CS150 - Fall 2011 - Class 10

  • Pi video
       http://www.youtube.com/user/Vihart#p/u/9/jG7vhMMXagQ

  • admin
       - No lab prep for Friday
       - I did add a few pages to read from the book about file I/O
       - Lab on Friday will be partnered
       - Test project 1 out today
          - due next Friday (10/21) at 6pm
          - honor code
             - must work alone
             - may only use: book, your notes, class notes, python.org documentation
             - may NOT: get help from other students, get help from the tutors (except for file issues, etc), look online for solutions
          - 3 problems
          - required to do some extra credit
             - 63 points total, but only 60 for just doing what I stated
          - More than a third of the points come from code style and commenting
          - follow instructions carefully!
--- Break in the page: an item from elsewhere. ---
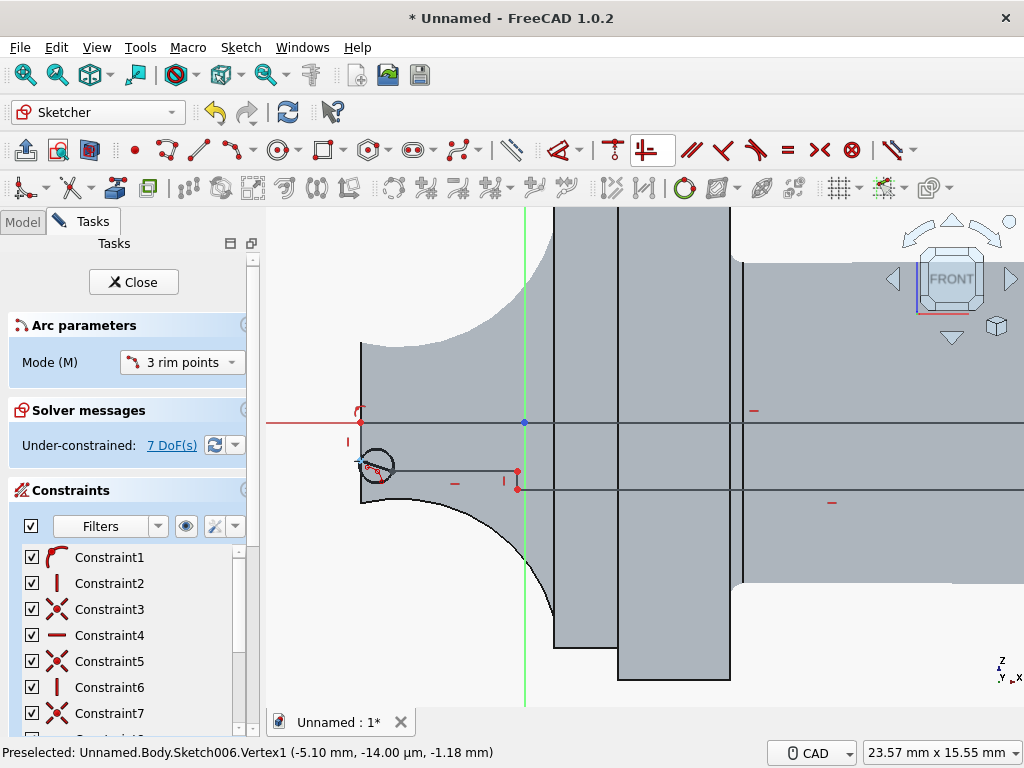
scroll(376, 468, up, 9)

  • problem set, problem 1c.
       - what does it do?
       - how does it work?

  • aliasing
       - what will be the output of my_list after doing the following:

          >>> my_list = [1, 2, 3, 4, 5]
          >>> other_list = my_list
          >>> other_list[2] = 100
          >>> other_list
          [1, 2, 100, 4, 5]
          >>> my_list

       - [1, 2, 100, 4, 5] ... why?
          - my_list and other_list are just references to the same object
             - this is called aliasing, since other_list is an alias (another name) for my_list
          - saying other_list = my_list does not do a deep copy, that is it does NOT create a new list that is a copy of the list
          - draw a picture
       
       - notice that if I make changes to either one, changes will be seen in the other
          >>> my_list
          [1, 2, 100, 4, 5]
          >>> other_list
          [1, 2, 100, 4, 5]
          >>> my_list[0] = 0
          >>> other_list[1] = 1000
          >>> my_list
          [0, 1000, 100, 4, 5]
          >>> other_list
          [0, 1000, 100, 4, 5]      

       - aliasing can also show up in other places
          >>> my_list = [1, 2, 3, 4, 5]
          >>> def mystery(x):
          ...    x[0] = 1000
          ...
          >>> my_list
          [1, 2, 3, 4, 5]
          >>> mystery(my_list)
          >>> my_list
          [1000, 2, 3, 4, 5]

       - parameters are passed as a shallow copy (i.e. an alias)
          - "parameter passing" describes how the values that are input to the function (i.e. the arguments) are bound to the parameters inside the function
          - be careful!
          - why do you think this is done?
             - a deep copy can be a lot of work
             - also allows us to write functions that manipulate the parameter (which we may or may not do)
          - notice that we cannot changes what other_list reference (only mutate the object)
          
             def mystery(alist):
                alist = [0]*10
                print alist

             >>> my_list = [1, 2, 3, 4, 5]
             >>> mystery(my_list)
             [0, 0, 0, 0, 0, 0, 0, 0, 0, 0]
             >>> my_list
             [1, 2, 3, 4, 5]      

       - slicing does create a new copy
          >>> my_list = [1, 2, 3, 4, 5]
          >>> other_list = my_list[2:4]
          >>> other_list
          [3, 4]
          >>> other_list[0] = 100
          >>> other_list
          [100, 4]
          >>> my_list
          [1, 2, 3, 4, 5]
       
       - given this, how could we create a deep copy of other_list?
          >>> my_list = [1, 2, 3, 4, 5]
          >>> other_list = my_list[:]
          >>> other_list[3] = 100
          >>> other_list
          [1, 2, 3, 100, 5]
          >>> my_list
          [1, 2, 3, 4, 5]


  • run the sentence_stats function from word-stats.py code
       - similar idea to our scores functions except now we're going it over strings instead of numbers
       - the string class has a "split" method that splits up a sentence into a list by splitting on spaces
          
          >>> "this is a sentence".split()
          ['this', 'is', 'a', 'sentence']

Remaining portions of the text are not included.